Jade Thirlwall Live Show Analysis: The Music World's Quirkiest Artist Transcends Manufactured Origins

Harry Styles aside, the solo careers of ex-participants of TV talent show-manufactured bands seldom grip the public imagination. These efforts typically adhere to certain rules – often a pursuit at a toughened-up R&B sound, complete with at least one single featuring a guest appearance by an US hip-hop artist, or a lunge towards “grownup” Radio 2-friendly smooth pop-rock territory – and they typically become a barely recalled interim project, the sight and sound of someone gamely killing time prior to the unavoidable reunion tour.

An Idiosyncratic Path

This common scenario that makes the idiosyncratic path thus far followed by Little Mix’s Jade Thirlwall oddly invigorating. She definitely participates in engaging in the typical activities that ex-reality TV group artists are wont to do, among them loudly underlining that she’s no longer subject the media-trained constraints of the factory-produced music business – judging by tonight’s crowd, the most popular item on the official goods stand is a fan displaying the legend “TINA SAYS YOU’RE A CUNT”, a song line from Gossip, her musical partnership with electronic pair the group Confidence Man – but regardless, the music she’s opted to make is pop of a noticeably more intriguing stripe than the norm.

A Superb Debut

She launched her individual career with last year’s superb her debut single Angel Of My Dreams, a highly unusual, jolting and fragmented melange of big pop balladry, noisy synthesisers and samples from the classic track Puppet On A String by Sandie Shaw.

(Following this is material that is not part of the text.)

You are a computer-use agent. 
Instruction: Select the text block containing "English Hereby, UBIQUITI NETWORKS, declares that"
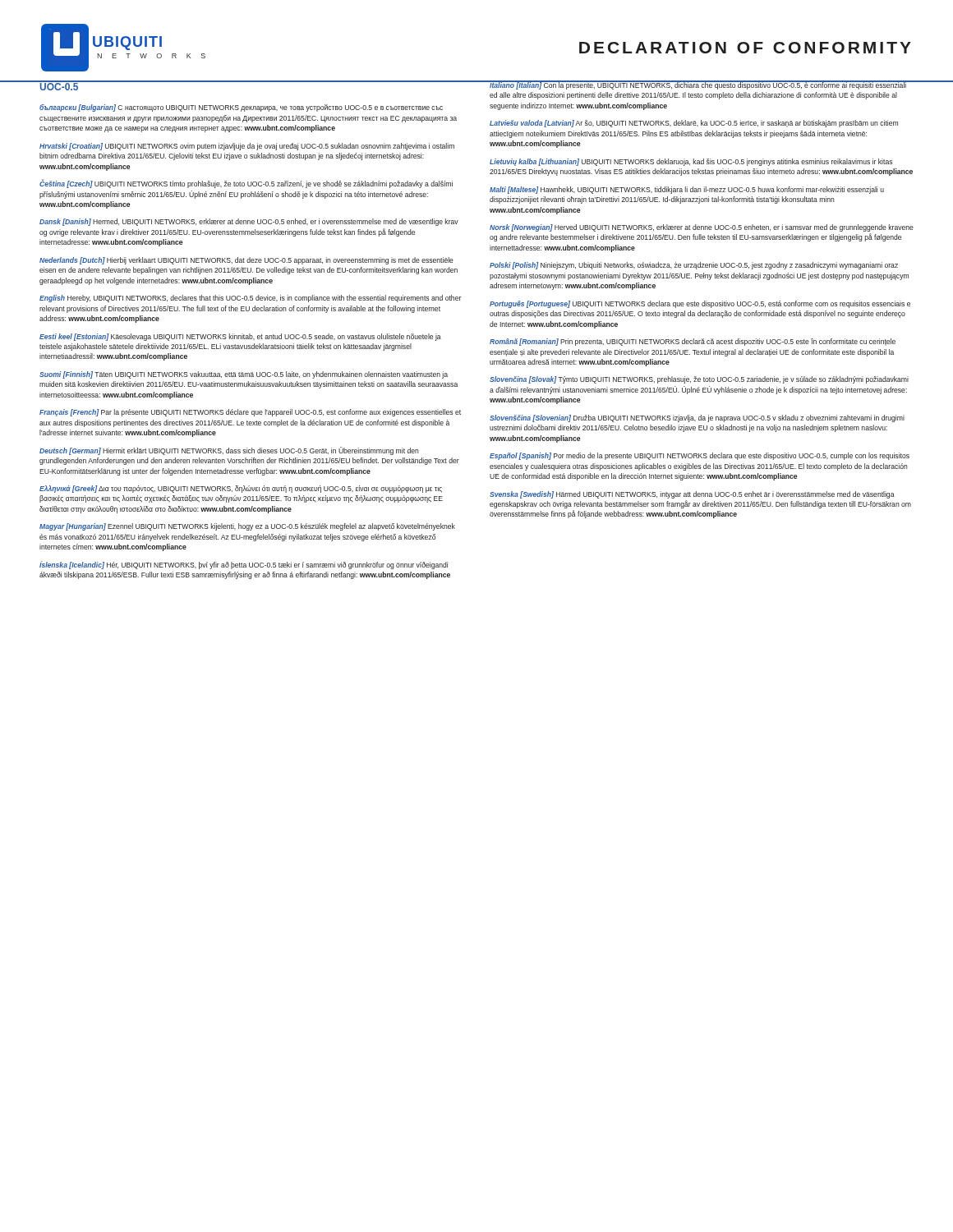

As the set on her first solo tour proves, not everything on her debut album her album That’s Showbiz, Baby! is quite as interesting as her debut single: Before You Break My Heart is insanely catchy, but it’s also typical dancefloor-oriented pop, powered by precisely the Motown musical snippet the name implies; the show is extended with a interpretation of the Madonna classic Frozen that devolves into a musical compilation of 90s dance hits, from 808’s Pacific State to Set You Free by N-Trance.

More Intriguing Material

But there’s also more material in the vein of Angel Of My Dreams. Headache melds an Abba-esque chorus with verses that offer a nearly discordant style of rhythmic music or are surrounded with deep reverberation. She dedicates the track Unconditional to her mother: it features a wonderful tune, early 80s syndrums, and crashing rock guitar combined with clanging industrial drums. The song IT Girl unexpectedly reanimates the musical aesthetic of early 00s electroclash, or rather the exciting variation of millennium-era popular music that was heavily influenced by electroclash, while Natural at Disaster begins like a keyboard-led emotional song before unexpectedly swerving into a dark computerized noise.

A Charming Performer

The artist on stage is a immensely likable, delightfully authentic presence: she declares, she states at one point, “shaking like a shitting dog”; shouting out her LGBTQ+ fanbase, who are here in force, she suggests thanking them by adding a official undergarment to the merchandise booth.

Future Possibilities

It could conclude the manner these kind of solo careers end – the enmity towards ex-group member her previous colleague Jesy Nelson expressed in the song Natural at Disaster patched up, a media announcement to declare that Little Mix are reunited – but the reality that the entire audience seem to be word-perfect as they join in vocally to an album that was released just a month ago makes you wonder. And should it occur, the final performance of Angel Of My Dreams underlines that Jade's individual musical path is unlikely to recede into the realms of the dimly remembered placeholder.

  • Jade plays the O2 Victoria Warehouse in Manchester this evening and is traveling across the United Kingdom through October 23rd.

Zachary Lester
Zachary Lester

Urban planner and writer with over a decade of experience in sustainable development and community engagement.